Television commercials appeared recently too, featuring snow, lights, and products they want us to learn we can’t live without. (I don’t drink Coke but that’s a darn touching father-daughter ad they uploaded this year.)

An avalanche of Hallmark Christmas movies have now gained access to our home, starring idyllic towns, cute children, wise elders, unexpected love. The characters treasure the past, look to the future, and work out difficulties for the benefit of family and community. These are modern day fairy tales, refreshing us with stories of new people with old-fashioned values: honesty, humility, generosity.

The problem is that when the movie ends and the characters begin to live happily ever after, the rest of us have to face up to real life again. Real life these days looks like wild fires, food lines, Covid-19, and lying politicians. Oh, and celebrity pastors.

I admit this blog often frowns on the influence of famous pastors but to be clear – it’s not me, it’s them. It’s just that many people, evangelicals in particular, tend to offer them blind allegiance. We simply have to keep in mind that they are human and susceptible to the usual human vices like insecurity, immorality, self-importance, or just plain greed.

is God here?

During previous administrations, celebrity pastors declared that natural disasters were God’s judgement against sin made possible by godless government. Yet during this administration there have been apocalyptic ‘plagues’ (a global pandemic, continental wildfires, hurricanes, typhoons, killer hornets, and even clouds of locusts in Africa) but not a critical word about the current government in power.

Unfortunately, in a world of sin and plagues, there is also an epidemic of spiritual leaders still spouting bad theology and idolizing their own opinions. Here are a few recent stories from celebrity church leaders who seem more concerned with themselves than with the Good News. (I’m purposely ignoring the more bizarre ones.)
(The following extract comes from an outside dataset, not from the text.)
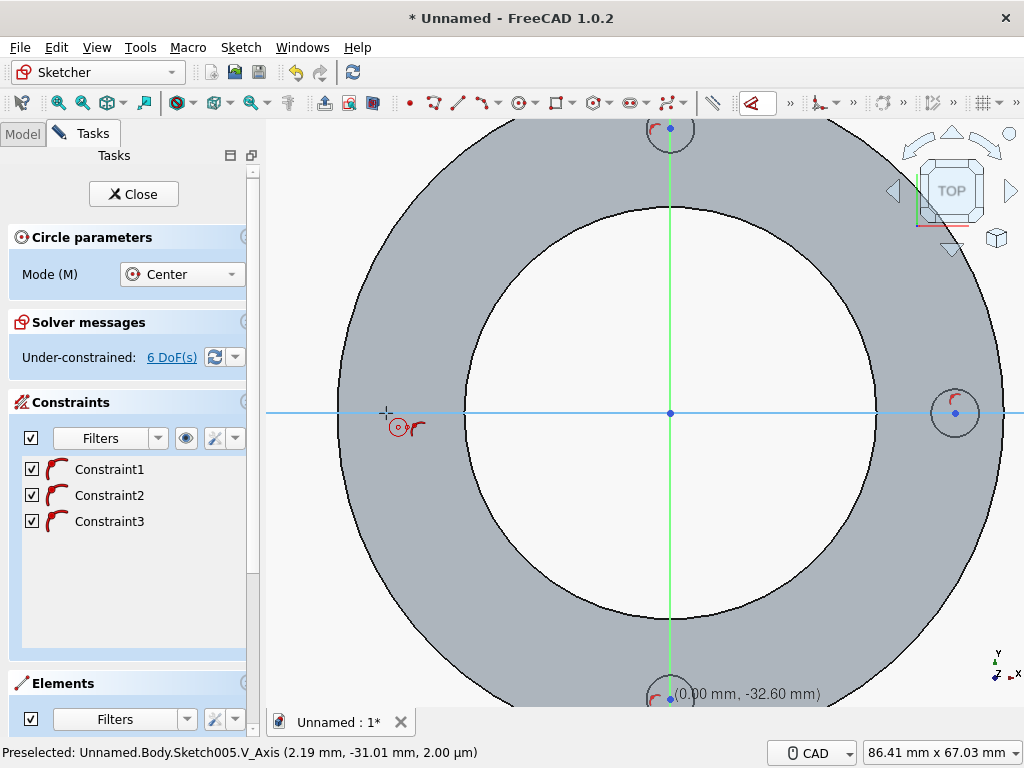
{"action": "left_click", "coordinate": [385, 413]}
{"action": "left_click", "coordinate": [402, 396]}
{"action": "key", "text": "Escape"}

  • E.W. Jackson is just one of many pastors who contracted covid after claiming God made him immune from it.
  • Henry Hildebrandt is a pastor in Aylmer, Ontario who has been openly defiant of mask restrictions in his community, organizing anti-mask rallies and holding church services that ignore crowd limitations. Predictably, this past Sunday, authorities arrived at the church to enforce the restrictions; also predictably, Hildebrandt and company now imagine themselves to be martyrs* in a police state.
  • Worship leader Sean Feucht continues to plan self-described ‘super-spreader’ worship events with crowds gathering on the streets of American cities. The latest super-spreader is planned for New Year’s Eve on Azusa Street, a symbolic but impoverished and vulnerable part of Los Angeles. The crowds rarely wear masks because, “It’s officially a protest, OK, so it’s legal!”
  • Pat Robertson thinks God is a conservative American capitalist. On the ‘problem’ of liberals he recently said, “They want to run all the business. They want to run all the industry. They want to redo all the, uh, energy we’ve got. They want to take away your cars. They want to stop people flying airplanes. I mean, it is crazy what they have … And, what am I hearing? I still think Trump’s gonna ultimately win.”
  • Televangelist Jack Hibbs cried with sadness after learning Joe Biden would become President. Christian author Eric Metaxas warns that Biden threatens freedom and justice although he is still predicting a Trump win by a landslide.
  • Pastor/author John MacArthur felt the need to diminish God’s gift of creation in a sermon: “God intended us to use this planet, to fill this planet for the benefit of man. Never was it intended to be a permanent planet. It is a disposable planet. Christians ought to know that.”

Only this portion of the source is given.